BEGIN SUPPLIED INFORMATION

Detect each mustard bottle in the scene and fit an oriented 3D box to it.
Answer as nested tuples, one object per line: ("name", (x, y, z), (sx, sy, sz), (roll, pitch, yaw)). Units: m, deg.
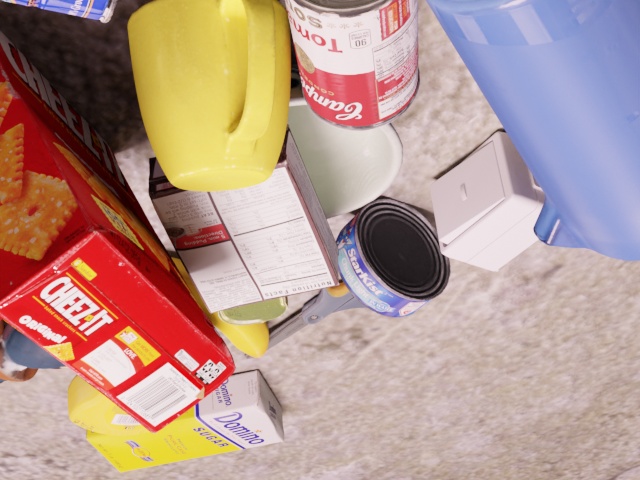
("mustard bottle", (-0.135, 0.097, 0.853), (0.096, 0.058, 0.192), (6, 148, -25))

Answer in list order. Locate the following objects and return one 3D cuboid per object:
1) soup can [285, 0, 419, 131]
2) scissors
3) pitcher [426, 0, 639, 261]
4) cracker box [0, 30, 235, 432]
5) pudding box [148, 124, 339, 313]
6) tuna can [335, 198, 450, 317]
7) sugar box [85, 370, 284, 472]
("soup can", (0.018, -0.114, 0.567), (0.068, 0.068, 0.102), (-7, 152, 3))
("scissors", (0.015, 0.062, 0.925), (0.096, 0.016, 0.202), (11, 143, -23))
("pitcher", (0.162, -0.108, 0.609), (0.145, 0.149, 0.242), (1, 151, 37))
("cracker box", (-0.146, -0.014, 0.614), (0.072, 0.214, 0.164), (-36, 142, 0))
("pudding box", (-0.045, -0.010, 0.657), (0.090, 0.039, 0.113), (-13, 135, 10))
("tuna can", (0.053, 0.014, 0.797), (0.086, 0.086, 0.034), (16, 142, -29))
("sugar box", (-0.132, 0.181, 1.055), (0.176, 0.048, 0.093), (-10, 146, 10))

END SUPPLIED INFORMATION
BEGIN SUPPLIED INFORMATION

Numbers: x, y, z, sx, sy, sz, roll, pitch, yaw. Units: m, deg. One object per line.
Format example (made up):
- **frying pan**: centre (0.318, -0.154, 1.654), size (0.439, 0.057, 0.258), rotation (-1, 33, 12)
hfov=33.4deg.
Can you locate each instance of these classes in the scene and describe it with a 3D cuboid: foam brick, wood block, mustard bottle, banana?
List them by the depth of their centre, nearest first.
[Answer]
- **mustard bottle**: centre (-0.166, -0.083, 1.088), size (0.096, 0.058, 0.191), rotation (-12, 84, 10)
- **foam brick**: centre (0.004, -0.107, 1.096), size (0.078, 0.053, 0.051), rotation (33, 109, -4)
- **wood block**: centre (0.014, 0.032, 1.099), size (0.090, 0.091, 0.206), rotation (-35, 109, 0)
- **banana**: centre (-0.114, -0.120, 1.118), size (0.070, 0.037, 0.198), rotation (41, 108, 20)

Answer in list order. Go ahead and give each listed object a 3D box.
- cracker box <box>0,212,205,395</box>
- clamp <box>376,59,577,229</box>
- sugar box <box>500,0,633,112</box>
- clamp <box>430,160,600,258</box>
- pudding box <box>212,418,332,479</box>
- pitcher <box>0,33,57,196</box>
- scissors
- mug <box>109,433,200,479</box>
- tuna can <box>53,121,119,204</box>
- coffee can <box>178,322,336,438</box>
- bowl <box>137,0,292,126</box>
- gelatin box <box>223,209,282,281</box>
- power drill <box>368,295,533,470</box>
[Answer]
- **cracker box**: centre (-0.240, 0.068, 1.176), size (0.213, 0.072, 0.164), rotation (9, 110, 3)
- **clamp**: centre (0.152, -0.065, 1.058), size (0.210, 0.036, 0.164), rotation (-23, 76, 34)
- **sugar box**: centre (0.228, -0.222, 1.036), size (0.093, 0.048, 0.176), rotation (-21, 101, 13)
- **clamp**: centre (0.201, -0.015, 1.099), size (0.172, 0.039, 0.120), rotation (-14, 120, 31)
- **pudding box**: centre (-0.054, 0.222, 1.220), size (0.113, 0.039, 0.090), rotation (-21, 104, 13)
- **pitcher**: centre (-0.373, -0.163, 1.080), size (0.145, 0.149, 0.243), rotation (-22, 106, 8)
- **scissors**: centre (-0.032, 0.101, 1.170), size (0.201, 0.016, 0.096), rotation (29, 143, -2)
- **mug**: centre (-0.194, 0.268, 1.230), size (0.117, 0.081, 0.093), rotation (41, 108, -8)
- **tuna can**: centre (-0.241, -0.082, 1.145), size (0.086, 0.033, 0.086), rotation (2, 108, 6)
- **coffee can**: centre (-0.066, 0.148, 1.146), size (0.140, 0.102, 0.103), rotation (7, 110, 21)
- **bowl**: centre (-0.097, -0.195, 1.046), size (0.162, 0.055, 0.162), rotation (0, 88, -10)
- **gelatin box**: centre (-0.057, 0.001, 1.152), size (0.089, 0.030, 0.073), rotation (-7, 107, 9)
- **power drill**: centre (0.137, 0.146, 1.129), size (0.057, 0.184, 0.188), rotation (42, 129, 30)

END SUPPLIED INFORMATION
BEGIN SUPPLIED INFORMATION

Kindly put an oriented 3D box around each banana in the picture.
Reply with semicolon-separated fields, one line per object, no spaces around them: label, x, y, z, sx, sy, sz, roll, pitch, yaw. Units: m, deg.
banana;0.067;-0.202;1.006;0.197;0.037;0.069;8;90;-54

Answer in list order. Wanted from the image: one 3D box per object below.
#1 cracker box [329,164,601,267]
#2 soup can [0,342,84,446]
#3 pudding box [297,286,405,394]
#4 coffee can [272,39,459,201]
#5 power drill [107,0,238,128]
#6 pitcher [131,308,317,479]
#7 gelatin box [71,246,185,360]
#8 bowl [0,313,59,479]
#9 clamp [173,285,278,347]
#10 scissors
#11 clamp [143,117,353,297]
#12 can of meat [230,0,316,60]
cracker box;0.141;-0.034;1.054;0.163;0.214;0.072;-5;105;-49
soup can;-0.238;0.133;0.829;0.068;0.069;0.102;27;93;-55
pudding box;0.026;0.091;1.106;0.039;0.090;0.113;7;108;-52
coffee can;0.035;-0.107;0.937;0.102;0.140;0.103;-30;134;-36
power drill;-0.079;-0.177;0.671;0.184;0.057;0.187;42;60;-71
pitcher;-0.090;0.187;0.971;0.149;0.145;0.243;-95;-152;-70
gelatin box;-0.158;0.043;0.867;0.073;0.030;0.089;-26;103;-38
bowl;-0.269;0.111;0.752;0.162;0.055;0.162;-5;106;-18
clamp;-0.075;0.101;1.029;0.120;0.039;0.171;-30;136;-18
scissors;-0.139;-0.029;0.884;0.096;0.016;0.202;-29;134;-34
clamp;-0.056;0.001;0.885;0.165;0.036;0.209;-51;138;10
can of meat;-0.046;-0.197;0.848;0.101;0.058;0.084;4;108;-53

END SUPPLIED INFORMATION

> _REQUIREMENT_: Please work out how many lines of the data include the string "each" and reply with the number alone.

> _FINISHED TASK_: 4